Requirement: Lines to return, exactly: from the line with "Task: Click on" to the line with "953x1232 pixels." in the entries below, both included.

____ Extracted records

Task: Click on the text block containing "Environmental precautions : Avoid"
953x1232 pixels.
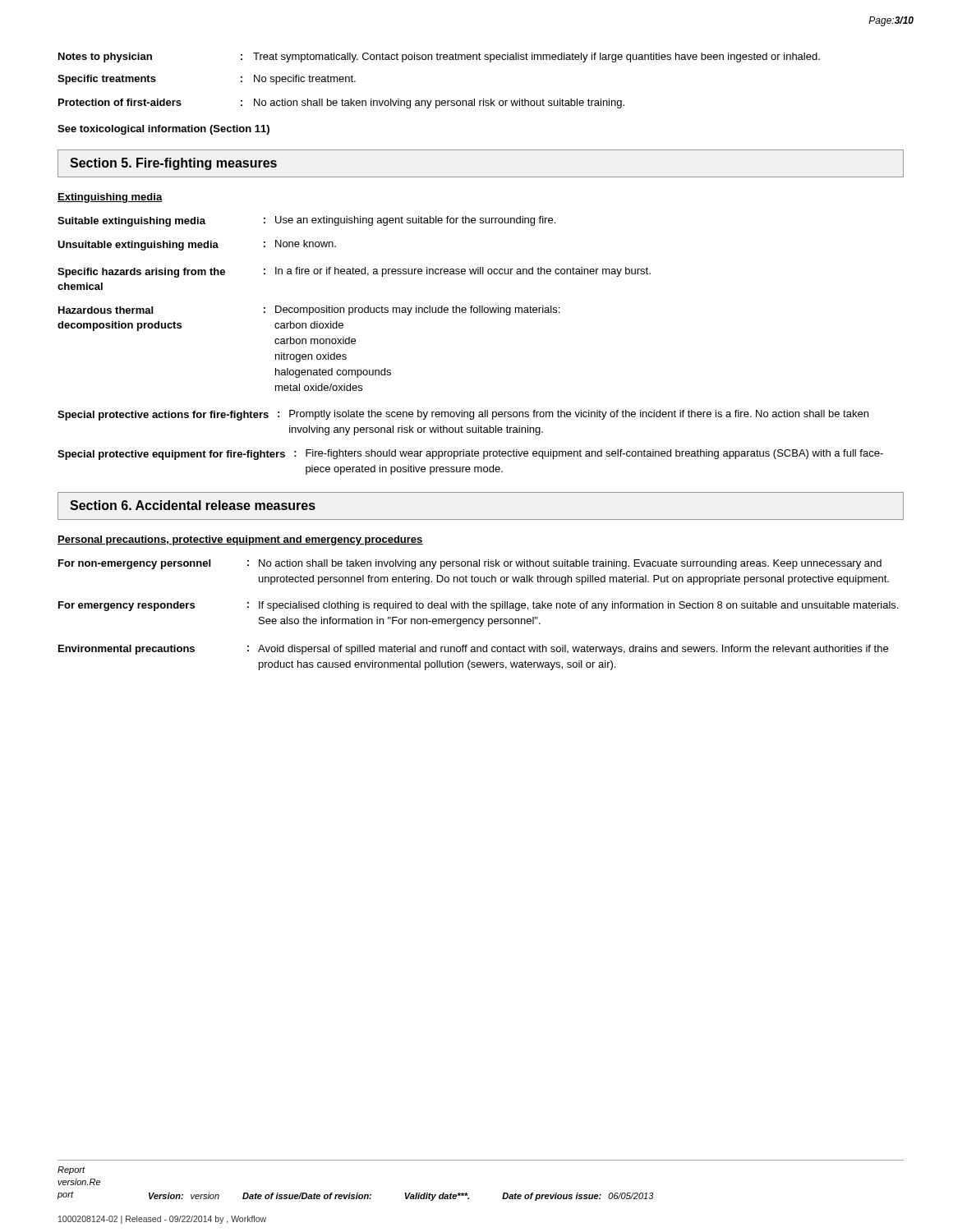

________
____ Extracted records

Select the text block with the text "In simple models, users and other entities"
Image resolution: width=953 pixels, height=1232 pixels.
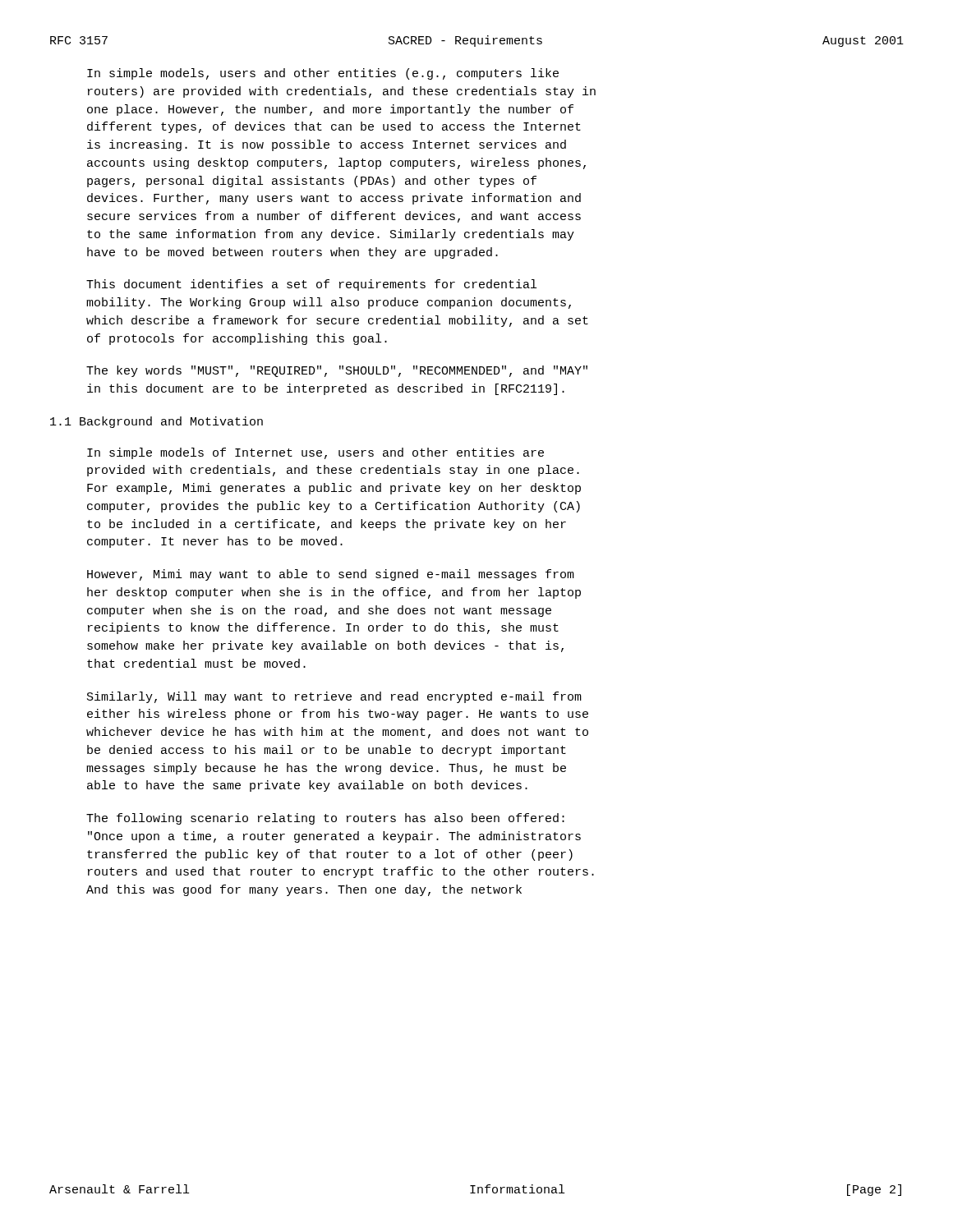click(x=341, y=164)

________

Solution below:
Task: Click on the text block containing "Environmental precautions : Avoid"
953x1232 pixels.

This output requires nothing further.